Il est inconcevable de voir un organe militaire sans un organe politique et c’est ce qui a causé notre échec. Donc, il faut que les forces de résistance nationale revoit leur copie et proposer quelque chose de nouveau pour le pays et le peuple tchadien et si les intentions des uns et des autres sont pour un vrai changement alors il faut que Abdelwahid Aboud, Mahamat Nouri et Timane Erdimi doivent accepter de mettre sur pied un organe politique composé de 15 membres seulement, définissant un projet de société cohérent et qui sera dirigé par une personnalité indépendante comme Abakar Tolli, Acheikh Ibn Oumar ou Ali Gadaya dans lequel les trois principaux responsables des trois mouvements seront de conseillers.

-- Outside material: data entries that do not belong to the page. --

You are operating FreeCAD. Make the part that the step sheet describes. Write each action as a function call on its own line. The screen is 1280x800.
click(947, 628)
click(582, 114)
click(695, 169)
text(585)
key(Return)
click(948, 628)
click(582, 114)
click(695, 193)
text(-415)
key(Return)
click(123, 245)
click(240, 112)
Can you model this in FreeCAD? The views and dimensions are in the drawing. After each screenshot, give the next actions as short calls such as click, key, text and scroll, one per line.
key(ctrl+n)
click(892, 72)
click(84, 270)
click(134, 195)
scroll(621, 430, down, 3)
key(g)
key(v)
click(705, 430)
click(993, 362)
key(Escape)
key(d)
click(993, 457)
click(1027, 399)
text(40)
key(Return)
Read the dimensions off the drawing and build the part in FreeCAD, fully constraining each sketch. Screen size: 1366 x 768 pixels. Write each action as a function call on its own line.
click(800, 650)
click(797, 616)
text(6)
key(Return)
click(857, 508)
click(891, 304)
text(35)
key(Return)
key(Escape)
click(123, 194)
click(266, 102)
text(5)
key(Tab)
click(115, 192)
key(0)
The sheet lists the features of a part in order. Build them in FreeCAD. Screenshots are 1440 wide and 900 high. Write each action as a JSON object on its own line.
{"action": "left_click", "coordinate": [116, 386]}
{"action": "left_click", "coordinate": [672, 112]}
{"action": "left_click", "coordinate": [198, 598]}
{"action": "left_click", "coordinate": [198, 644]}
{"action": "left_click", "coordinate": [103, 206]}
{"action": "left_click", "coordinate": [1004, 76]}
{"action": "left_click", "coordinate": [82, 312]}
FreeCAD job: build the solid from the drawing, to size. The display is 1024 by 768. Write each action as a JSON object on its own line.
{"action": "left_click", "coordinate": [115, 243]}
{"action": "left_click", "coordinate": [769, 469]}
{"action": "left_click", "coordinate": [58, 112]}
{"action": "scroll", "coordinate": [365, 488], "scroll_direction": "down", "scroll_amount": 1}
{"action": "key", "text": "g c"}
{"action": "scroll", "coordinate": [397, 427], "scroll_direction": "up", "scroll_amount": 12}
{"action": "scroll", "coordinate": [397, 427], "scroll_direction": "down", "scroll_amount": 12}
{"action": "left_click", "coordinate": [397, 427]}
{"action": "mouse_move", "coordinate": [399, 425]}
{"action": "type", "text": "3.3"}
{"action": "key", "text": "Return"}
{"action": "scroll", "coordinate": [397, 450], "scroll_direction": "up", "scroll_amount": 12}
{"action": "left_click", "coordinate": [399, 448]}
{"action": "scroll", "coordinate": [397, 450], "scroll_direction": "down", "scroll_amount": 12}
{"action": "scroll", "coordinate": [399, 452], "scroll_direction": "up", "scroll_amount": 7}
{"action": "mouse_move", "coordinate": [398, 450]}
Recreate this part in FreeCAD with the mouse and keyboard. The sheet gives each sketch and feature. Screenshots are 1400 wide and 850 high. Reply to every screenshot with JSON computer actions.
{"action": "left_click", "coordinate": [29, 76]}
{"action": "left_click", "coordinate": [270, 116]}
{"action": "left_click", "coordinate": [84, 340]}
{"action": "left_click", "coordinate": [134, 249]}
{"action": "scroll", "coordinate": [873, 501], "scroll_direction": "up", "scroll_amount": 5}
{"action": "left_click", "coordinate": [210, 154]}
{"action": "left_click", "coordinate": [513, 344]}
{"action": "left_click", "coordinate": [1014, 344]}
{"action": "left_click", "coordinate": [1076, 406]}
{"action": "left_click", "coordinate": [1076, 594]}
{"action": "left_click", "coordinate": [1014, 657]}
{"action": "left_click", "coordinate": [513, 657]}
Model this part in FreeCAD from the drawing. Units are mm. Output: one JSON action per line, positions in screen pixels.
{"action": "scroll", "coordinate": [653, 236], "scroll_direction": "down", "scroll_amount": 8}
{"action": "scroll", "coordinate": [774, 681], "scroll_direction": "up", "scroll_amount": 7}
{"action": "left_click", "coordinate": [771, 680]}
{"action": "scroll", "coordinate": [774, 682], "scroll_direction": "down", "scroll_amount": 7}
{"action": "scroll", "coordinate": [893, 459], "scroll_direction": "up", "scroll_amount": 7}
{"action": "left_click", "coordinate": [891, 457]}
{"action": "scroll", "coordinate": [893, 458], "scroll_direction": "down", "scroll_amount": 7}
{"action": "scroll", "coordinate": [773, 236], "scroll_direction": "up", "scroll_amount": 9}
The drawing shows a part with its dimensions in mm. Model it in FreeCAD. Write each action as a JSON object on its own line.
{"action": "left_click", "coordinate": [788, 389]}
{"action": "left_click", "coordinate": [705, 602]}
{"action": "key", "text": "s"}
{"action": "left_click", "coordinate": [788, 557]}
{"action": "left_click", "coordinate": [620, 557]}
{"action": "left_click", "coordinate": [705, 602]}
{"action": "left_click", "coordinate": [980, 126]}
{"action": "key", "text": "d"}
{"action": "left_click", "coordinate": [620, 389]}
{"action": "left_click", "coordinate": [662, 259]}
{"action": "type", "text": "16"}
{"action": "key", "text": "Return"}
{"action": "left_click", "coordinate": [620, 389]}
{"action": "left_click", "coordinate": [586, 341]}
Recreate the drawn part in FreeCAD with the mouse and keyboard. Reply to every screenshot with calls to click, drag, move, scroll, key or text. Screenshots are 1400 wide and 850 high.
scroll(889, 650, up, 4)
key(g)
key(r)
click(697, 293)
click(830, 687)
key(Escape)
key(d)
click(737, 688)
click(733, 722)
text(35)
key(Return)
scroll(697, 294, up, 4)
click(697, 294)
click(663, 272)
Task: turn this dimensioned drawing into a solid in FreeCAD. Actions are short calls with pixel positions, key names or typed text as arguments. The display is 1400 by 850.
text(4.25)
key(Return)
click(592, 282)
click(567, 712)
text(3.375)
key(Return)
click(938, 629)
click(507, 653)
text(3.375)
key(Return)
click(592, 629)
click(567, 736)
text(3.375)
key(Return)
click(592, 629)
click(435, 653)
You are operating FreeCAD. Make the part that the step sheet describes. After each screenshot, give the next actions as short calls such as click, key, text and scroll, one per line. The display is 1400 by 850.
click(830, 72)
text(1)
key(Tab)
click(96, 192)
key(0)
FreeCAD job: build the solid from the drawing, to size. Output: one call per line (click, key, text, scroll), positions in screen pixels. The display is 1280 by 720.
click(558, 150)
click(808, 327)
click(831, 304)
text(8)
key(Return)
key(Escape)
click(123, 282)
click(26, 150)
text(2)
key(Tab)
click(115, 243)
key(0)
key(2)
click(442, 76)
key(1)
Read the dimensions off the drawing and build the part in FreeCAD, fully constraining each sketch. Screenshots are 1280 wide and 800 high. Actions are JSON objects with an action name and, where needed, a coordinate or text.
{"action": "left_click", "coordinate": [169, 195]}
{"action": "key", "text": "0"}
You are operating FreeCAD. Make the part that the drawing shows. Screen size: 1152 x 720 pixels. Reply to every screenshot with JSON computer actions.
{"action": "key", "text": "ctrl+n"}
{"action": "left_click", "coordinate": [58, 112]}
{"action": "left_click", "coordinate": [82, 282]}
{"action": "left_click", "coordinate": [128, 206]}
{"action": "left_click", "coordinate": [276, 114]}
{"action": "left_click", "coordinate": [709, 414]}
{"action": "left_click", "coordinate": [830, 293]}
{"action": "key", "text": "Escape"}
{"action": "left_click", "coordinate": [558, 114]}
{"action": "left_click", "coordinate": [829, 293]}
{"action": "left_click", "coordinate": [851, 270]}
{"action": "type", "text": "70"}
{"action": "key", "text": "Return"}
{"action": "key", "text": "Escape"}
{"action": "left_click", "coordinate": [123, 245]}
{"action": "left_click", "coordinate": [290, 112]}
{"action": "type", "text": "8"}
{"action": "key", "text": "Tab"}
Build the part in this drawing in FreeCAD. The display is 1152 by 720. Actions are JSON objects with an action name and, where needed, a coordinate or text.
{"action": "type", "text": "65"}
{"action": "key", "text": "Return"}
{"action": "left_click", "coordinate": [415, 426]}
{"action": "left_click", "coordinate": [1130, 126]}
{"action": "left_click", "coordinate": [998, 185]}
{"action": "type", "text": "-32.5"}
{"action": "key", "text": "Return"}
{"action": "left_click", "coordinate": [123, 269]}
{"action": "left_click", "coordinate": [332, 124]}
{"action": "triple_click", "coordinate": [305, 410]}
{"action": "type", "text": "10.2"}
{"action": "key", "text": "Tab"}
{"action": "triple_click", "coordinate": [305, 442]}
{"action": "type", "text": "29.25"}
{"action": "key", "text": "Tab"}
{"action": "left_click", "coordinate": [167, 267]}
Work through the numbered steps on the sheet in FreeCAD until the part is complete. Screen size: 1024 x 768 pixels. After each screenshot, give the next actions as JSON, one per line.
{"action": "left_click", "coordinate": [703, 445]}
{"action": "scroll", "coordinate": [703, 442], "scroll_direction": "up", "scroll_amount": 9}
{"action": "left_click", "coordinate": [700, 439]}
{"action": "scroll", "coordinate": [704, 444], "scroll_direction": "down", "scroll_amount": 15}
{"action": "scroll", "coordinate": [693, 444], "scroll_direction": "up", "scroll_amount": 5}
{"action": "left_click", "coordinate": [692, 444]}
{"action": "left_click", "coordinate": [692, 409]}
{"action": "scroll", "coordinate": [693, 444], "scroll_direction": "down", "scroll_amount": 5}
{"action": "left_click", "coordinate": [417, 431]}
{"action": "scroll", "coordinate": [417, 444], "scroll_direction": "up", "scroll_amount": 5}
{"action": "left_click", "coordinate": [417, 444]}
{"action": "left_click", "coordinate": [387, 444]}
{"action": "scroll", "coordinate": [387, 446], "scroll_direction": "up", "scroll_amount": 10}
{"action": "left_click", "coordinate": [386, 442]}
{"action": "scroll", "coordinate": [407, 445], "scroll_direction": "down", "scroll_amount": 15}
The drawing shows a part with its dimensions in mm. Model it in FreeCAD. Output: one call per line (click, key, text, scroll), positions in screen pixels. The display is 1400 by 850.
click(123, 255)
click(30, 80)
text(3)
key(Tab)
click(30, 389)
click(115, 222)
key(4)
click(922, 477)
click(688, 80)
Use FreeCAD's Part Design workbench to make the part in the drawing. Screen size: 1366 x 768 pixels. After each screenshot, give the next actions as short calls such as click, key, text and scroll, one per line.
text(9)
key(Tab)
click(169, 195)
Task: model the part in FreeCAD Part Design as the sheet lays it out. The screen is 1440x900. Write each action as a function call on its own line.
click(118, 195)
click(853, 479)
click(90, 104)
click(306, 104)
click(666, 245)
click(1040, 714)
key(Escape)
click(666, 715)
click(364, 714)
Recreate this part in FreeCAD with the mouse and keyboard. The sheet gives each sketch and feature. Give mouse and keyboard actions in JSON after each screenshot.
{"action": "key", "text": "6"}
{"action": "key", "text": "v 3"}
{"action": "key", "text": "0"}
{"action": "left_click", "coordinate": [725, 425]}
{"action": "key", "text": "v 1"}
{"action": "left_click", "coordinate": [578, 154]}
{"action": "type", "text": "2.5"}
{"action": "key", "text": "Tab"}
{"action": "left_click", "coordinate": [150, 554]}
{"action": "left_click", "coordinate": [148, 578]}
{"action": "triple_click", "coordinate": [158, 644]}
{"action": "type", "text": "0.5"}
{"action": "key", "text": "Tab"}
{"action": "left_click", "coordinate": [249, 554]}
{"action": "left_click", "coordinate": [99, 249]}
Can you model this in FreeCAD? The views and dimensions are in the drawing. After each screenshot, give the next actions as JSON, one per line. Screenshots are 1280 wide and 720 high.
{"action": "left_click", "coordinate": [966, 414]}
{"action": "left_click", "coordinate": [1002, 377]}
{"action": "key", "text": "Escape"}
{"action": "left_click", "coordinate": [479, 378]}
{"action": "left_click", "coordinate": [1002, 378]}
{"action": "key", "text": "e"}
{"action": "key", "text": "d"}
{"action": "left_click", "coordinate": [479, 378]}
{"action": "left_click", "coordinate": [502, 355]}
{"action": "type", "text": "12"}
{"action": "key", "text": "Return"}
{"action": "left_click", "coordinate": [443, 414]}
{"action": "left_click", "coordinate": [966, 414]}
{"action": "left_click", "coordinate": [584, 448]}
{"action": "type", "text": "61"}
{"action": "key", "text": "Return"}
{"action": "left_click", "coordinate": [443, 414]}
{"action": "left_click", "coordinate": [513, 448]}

Il faut associer dans cet organe politique des personnalités de la diaspora tchadienne même si elles n’appartiennent à aucun des trois mouvements et c’est à ce prix là seulement qu’on pourra donner de la crédibilité à notre lutte et chacun se sentira concerner pour apporter sa contribution sinon ça sera un nième échec. Abdelwahid Aboud, Mahamat Nouri et Timane Erdimi rendront un grand service à ce pays s’ils acceptent de mettre l’intérêt de la nation et de notre peuple au-dessus de leur intérêt personnel et le peuple tchadien leur sera reconnaissant et saura les pardonner le moment venu car il est de nature tolérant de part ses traditions et ses mœurs mais il y a des lignes à ne pas franchir car si on explique l’inexplicable alors on excuse l’inexcusable.